Micro-CT acquisition and image processing to track and characterize pulmonary nodules in mice
May Zaw Thin, Axel Behrens, Christopher Moore, Thomas Snoeks, Tammy Kalber, Julian Downward































Extended
Extended Data Fig. 1 Highlighting and binary thresholding of individual lung tumors using Analyze software.
a – e , Screenshots showing how to draw ROI around the tumour using the tool called ‘Draw wall’ ( a ) and adjust the binary threshold values to display the tumour area as white pixels with a black outline ( b ) as presented in 3D volume rendered ( c ), sagittal ( d ) and coronal images ( e ).
Extended Data Fig. 2 Isolation and extraction of individual lung tumours using Analyze software.
a – c , Images from 3D volume rendered ( a ), sagittal ( b ) and coronal panels ( c ) showing the tumour attached to the background. d – h , Screenshots showing how to use the tool called ‘Object Separator’ ( d ) and erase unwanted highlighted areas manually to isolate tumour nodule from the background ( e ) as presented in volume rendered ( f ), sagittal ( g ) and coronal images ( h ).
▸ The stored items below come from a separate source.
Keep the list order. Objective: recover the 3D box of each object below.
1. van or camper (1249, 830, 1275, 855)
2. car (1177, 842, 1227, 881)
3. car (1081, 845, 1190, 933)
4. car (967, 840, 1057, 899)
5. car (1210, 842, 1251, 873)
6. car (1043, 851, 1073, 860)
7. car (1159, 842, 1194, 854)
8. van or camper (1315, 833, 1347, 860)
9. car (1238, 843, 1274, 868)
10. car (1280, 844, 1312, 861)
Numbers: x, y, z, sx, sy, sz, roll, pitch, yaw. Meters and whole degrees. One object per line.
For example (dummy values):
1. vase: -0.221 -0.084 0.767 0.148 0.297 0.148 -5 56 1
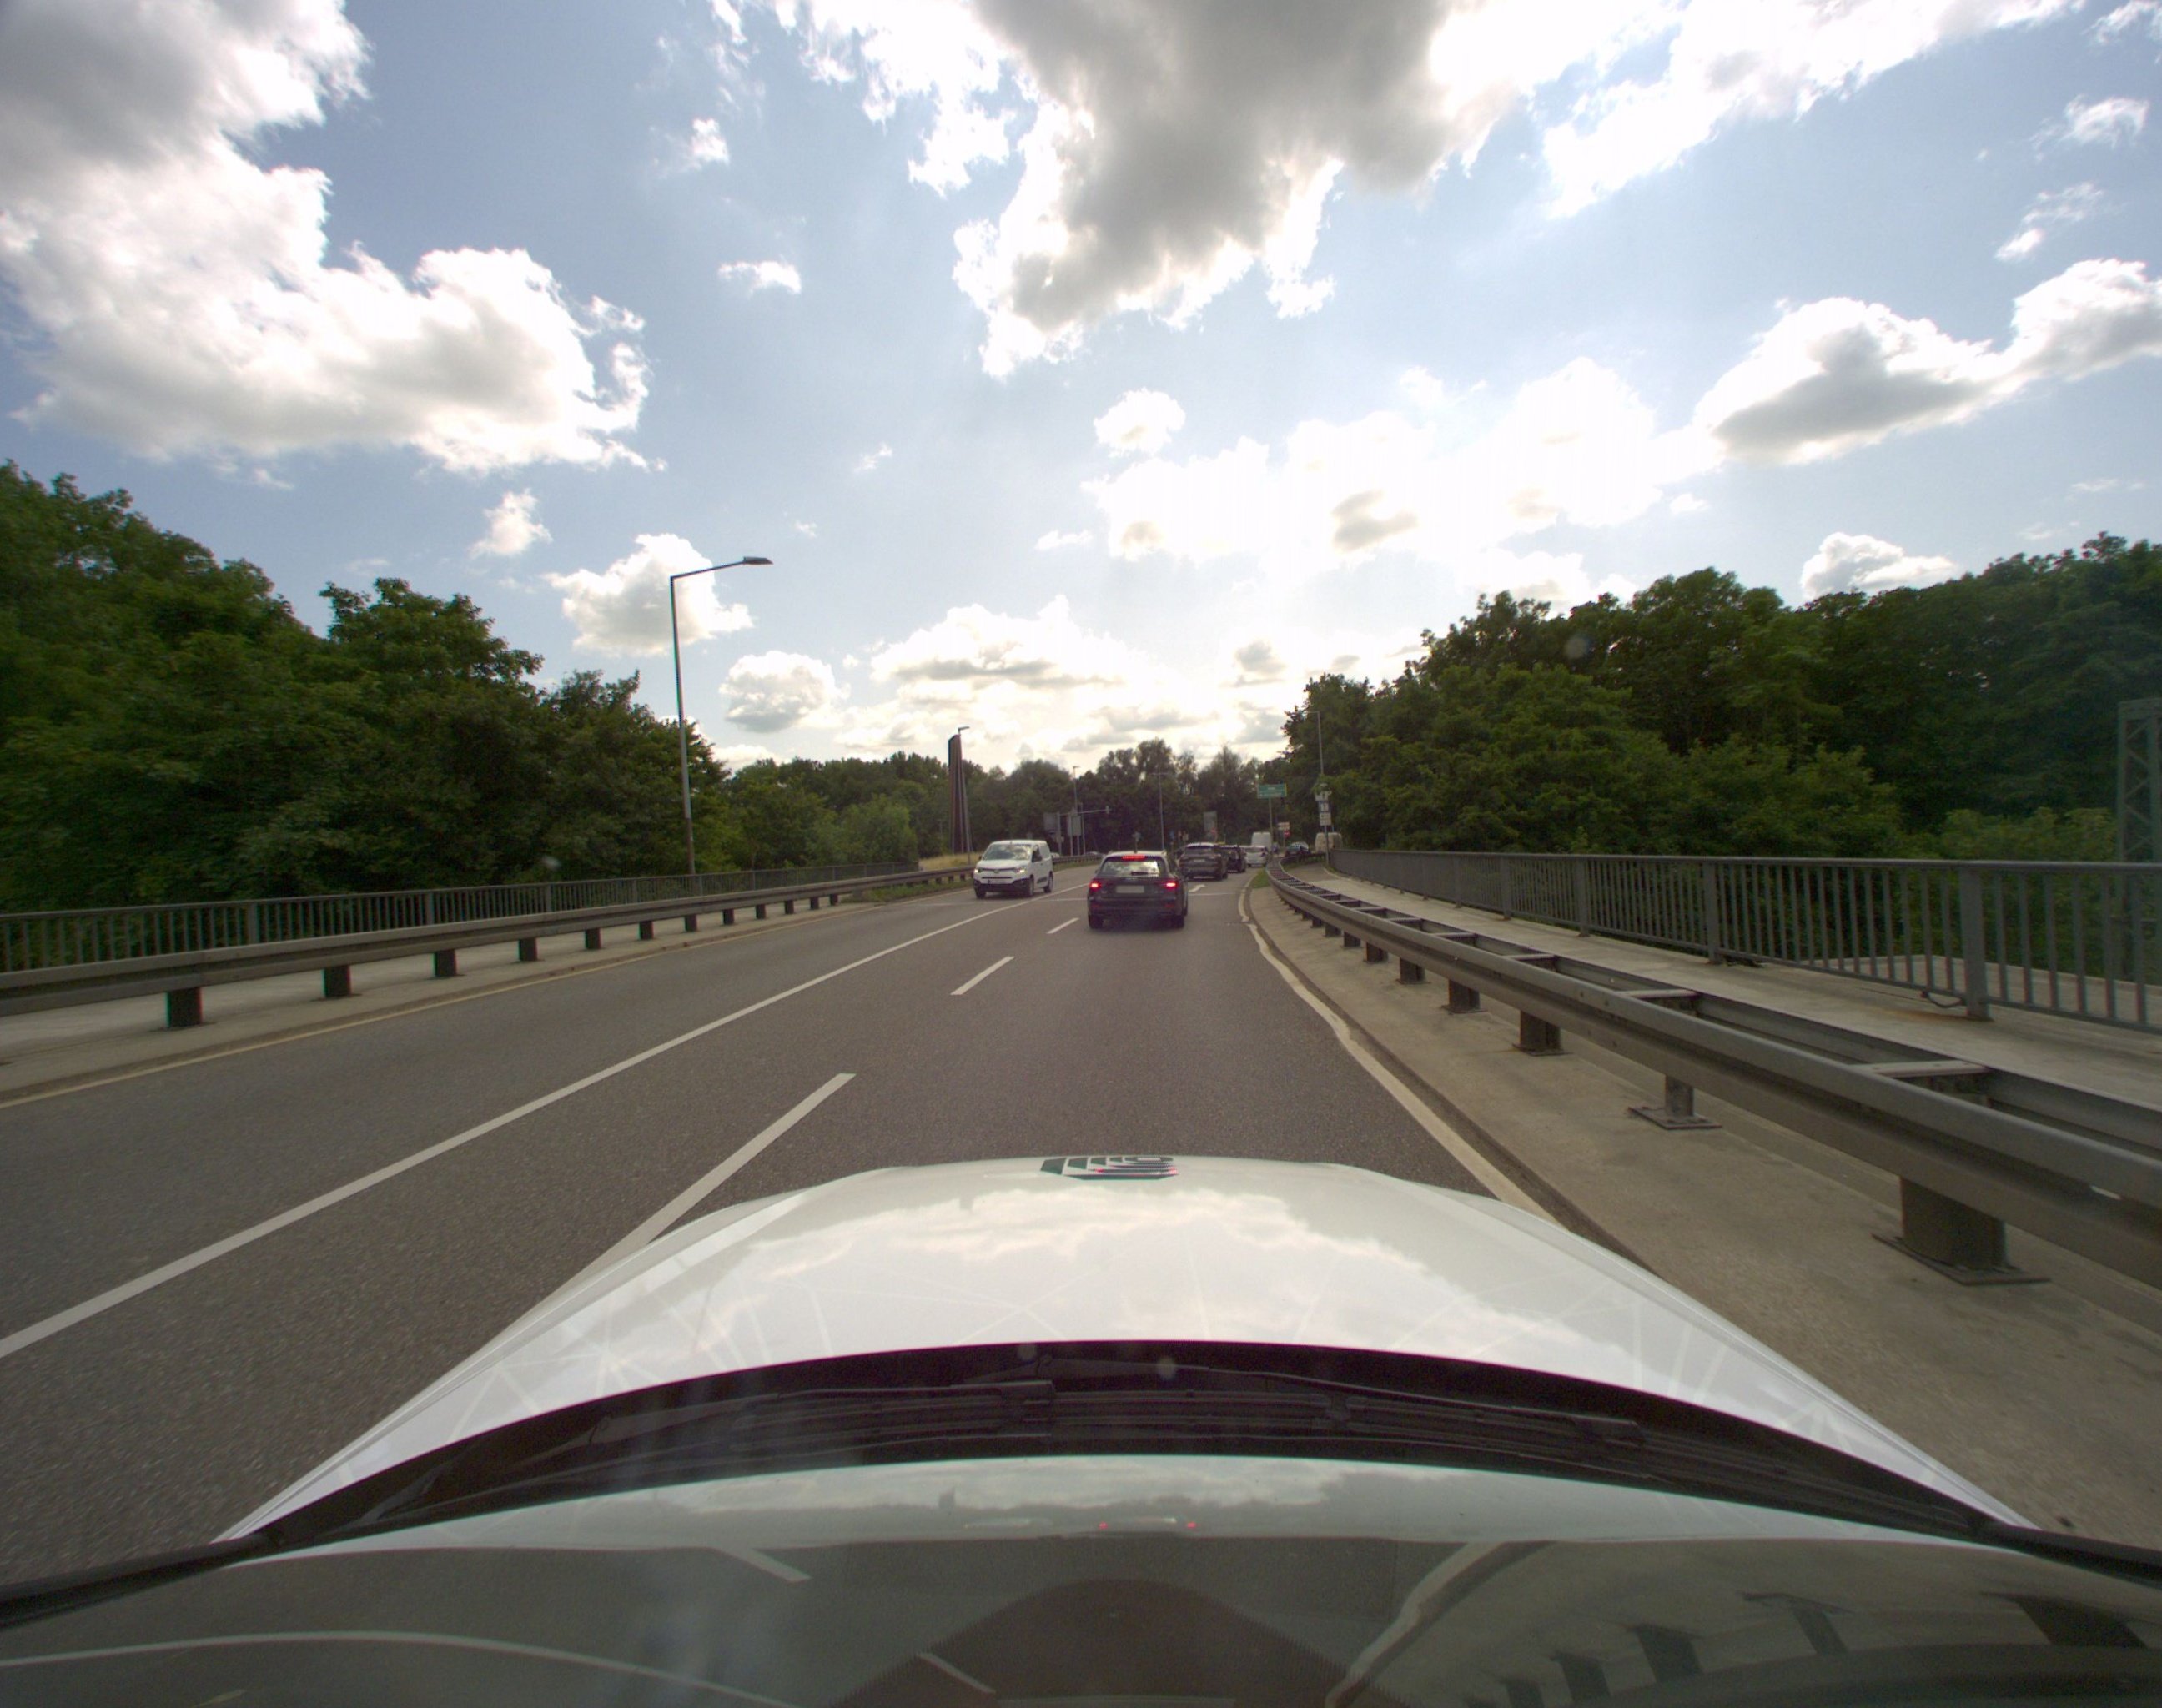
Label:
1. van or camper: 17.240 -1.041 77.630 2.257 2.341 5.258 0 0 12
2. car: 5.430 0.302 36.188 1.808 1.651 3.870 -1 1 13
3. car: 1.233 0.602 16.343 1.817 1.491 4.217 -1 1 8
4. car: -2.149 0.444 26.669 1.802 1.754 4.318 -1 0 10
5. car: 8.404 0.185 45.595 1.719 1.651 3.874 -1 0 18
6. car: -2.696 0.168 95.939 1.603 1.117 3.545 -1 0 -45
7. car: 11.287 -0.683 96.160 3.764 1.371 1.682 0 2 27
8. van or camper: 25.217 -0.807 82.004 1.974 2.590 4.116 0 1 33
9. car: 12.178 0.099 56.510 1.718 1.651 3.876 -1 0 22
10. car: 18.618 -0.117 70.468 1.667 1.398 3.702 -2 0 32

Extended Data Fig. 3 Binary thresholding and highlighting of trachea and heart using Analyze software.
a – d , Images from 3D volume rendered ( a ), sagittal ( b ) and coronal ( c ) panels showing part of binary thresholded trachea after adjusting the threshold values ( d ). e , Screenshot showing how to highlight two regions of the heart by marking and scrolling through the frames with the tool called ‘Draw’.
Extended Data Fig. 4 Calculating signal intensity of trachea, heart and air for automatic lung segmentation with Analyze software.
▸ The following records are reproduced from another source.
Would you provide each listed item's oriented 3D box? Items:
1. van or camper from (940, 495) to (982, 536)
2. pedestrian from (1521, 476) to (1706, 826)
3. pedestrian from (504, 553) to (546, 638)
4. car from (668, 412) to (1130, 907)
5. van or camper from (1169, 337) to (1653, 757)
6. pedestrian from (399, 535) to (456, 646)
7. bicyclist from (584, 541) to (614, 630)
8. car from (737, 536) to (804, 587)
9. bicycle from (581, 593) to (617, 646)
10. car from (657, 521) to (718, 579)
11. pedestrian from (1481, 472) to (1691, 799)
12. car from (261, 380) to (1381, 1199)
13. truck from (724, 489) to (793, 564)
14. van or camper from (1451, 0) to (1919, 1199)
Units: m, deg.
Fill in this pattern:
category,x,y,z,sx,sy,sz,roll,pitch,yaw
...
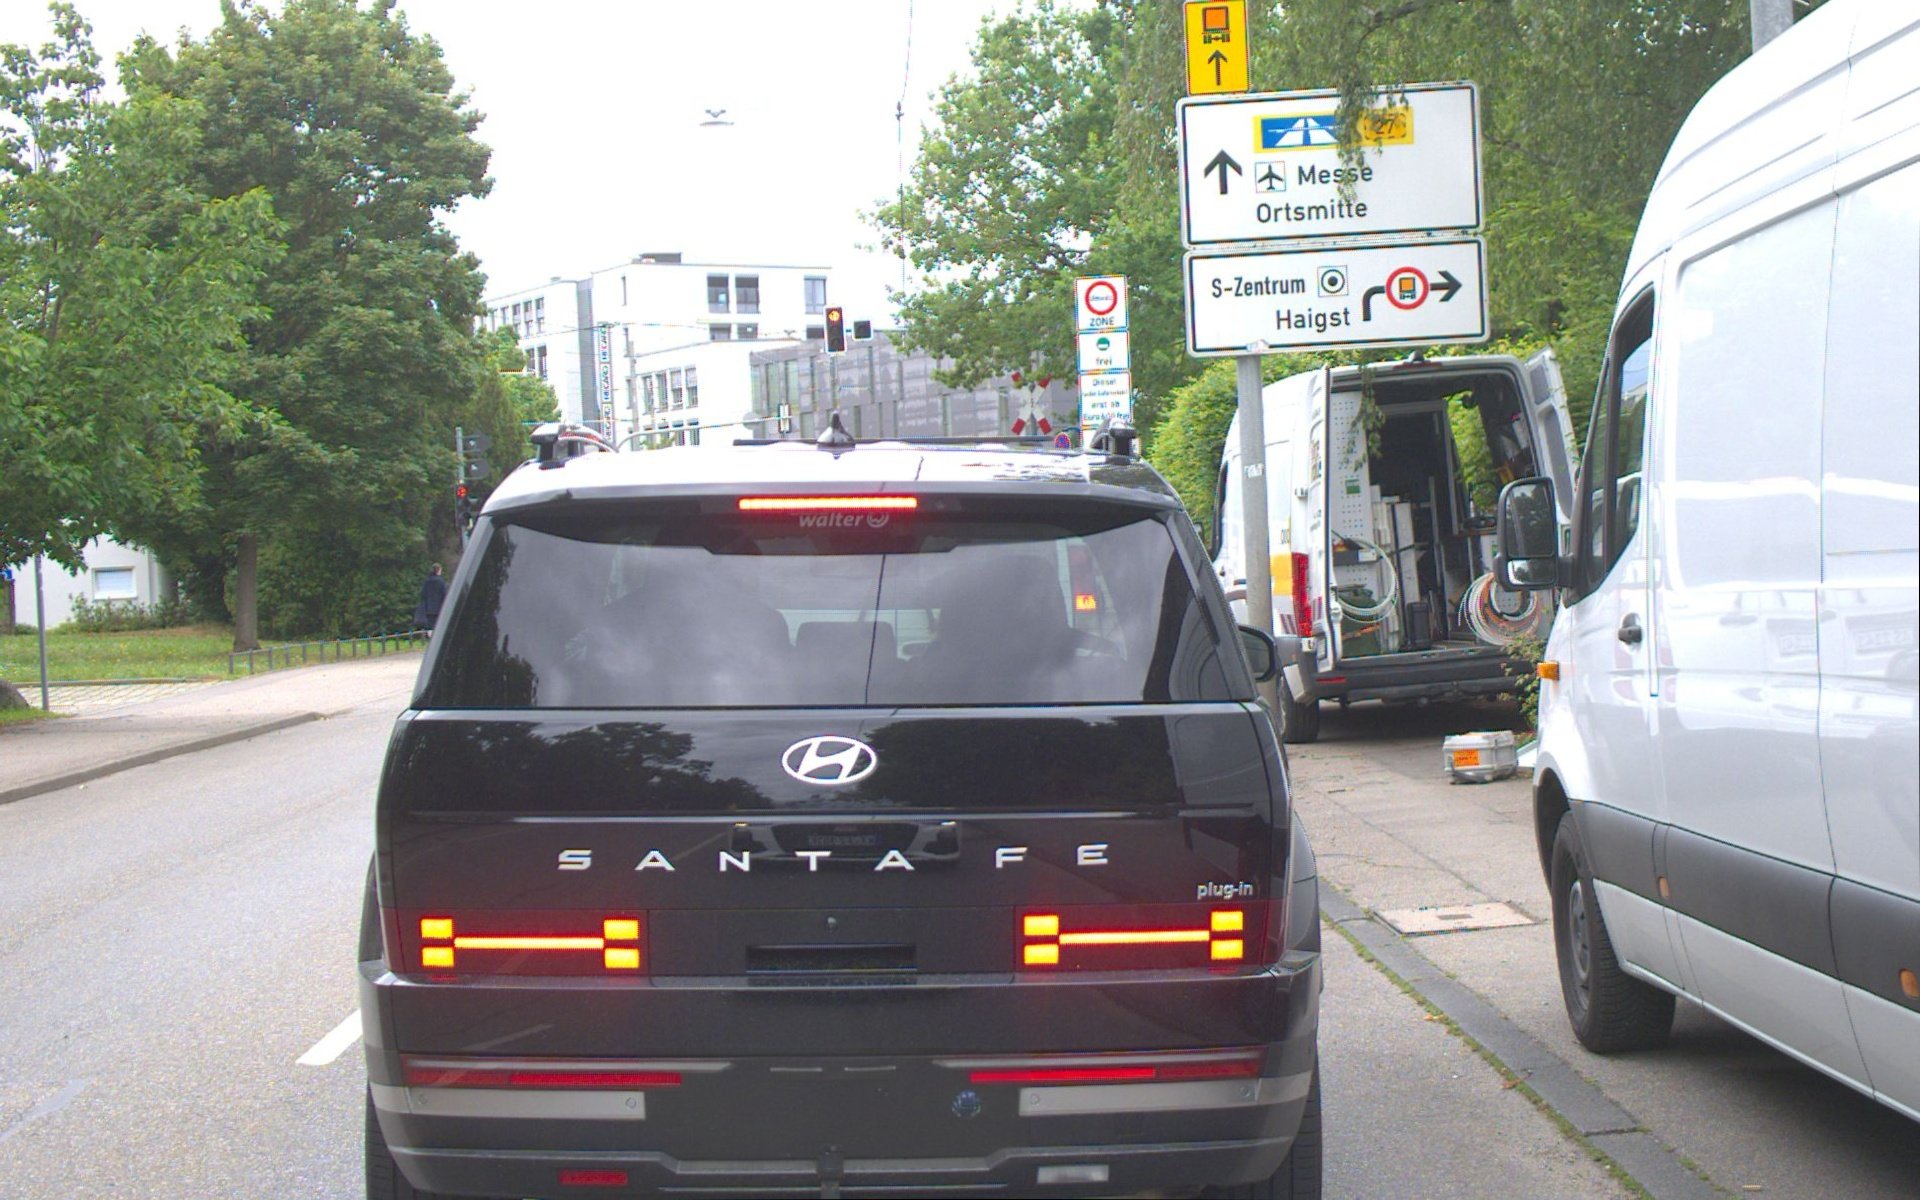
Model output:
category,x,y,z,sx,sy,sz,roll,pitch,yaw
van or camper,0.049,-4.233,172.481,1.795,1.992,3.824,1,1,-4
pedestrian,3.187,0.244,16.829,0.736,1.638,0.801,-3,0,6
pedestrian,-8.983,-0.101,71.011,0.767,1.742,0.904,-1,0,-2
car,-0.276,0.229,16.341,1.897,2.035,3.994,1,1,-1
van or camper,3.083,-0.335,25.271,2.340,2.486,6.603,-5,0,-1
pedestrian,-9.795,-0.173,63.266,0.830,2.007,1.047,1,0,2
bicyclist,-6.849,-0.274,65.296,0.487,1.678,0.588,1,0,-1
car,-5.760,-1.173,104.750,1.756,1.398,4.414,-4,1,-1
bicycle,-6.856,0.361,65.360,0.495,0.961,1.748,1,1,-1
car,-11.450,-2.107,144.249,2.332,2.307,4.959,-2,1,-6
pedestrian,3.373,0.181,18.531,0.750,1.715,0.791,1,1,-38
car,-0.262,0.503,7.878,1.897,1.770,3.994,1,1,-1
truck,-11.001,-3.957,187.152,3.107,3.846,9.623,-2,1,-6
van or camper,2.599,-0.019,6.997,1.991,2.616,6.544,-5,1,-1

a , Calculation of the mean signal intensity of trachea and heart by setting parameters. b – d , Images showing step-by-step instructions to calculate signal intensity of air inside the lung starting with creating a calibration curve with results from the trachea and the heart ( b ), loading Image algebra from selected lung scan ( c ) and then dragging image into Input picture (arrow) followed by filling equation from the calibration curve for Output and naming output image with underscore (_) at the end ( d ). e , Image showing how to segment the lung from the background by setting threshold in region grow.
Extended Data Fig. 5 Troubleshooting of the 3D lung volume rendering using CTAn software.
a – e , Unrepresentative structures in 3D lung volume rendering ( a ) can be avoided by removing fat tissue (circle) ( b ), gas shadow from stomach (circle) ( c ), motion artifacts from the ribs (black arrow) ( d ) and the spine (black arrow) ( e ) from the ROI of lung.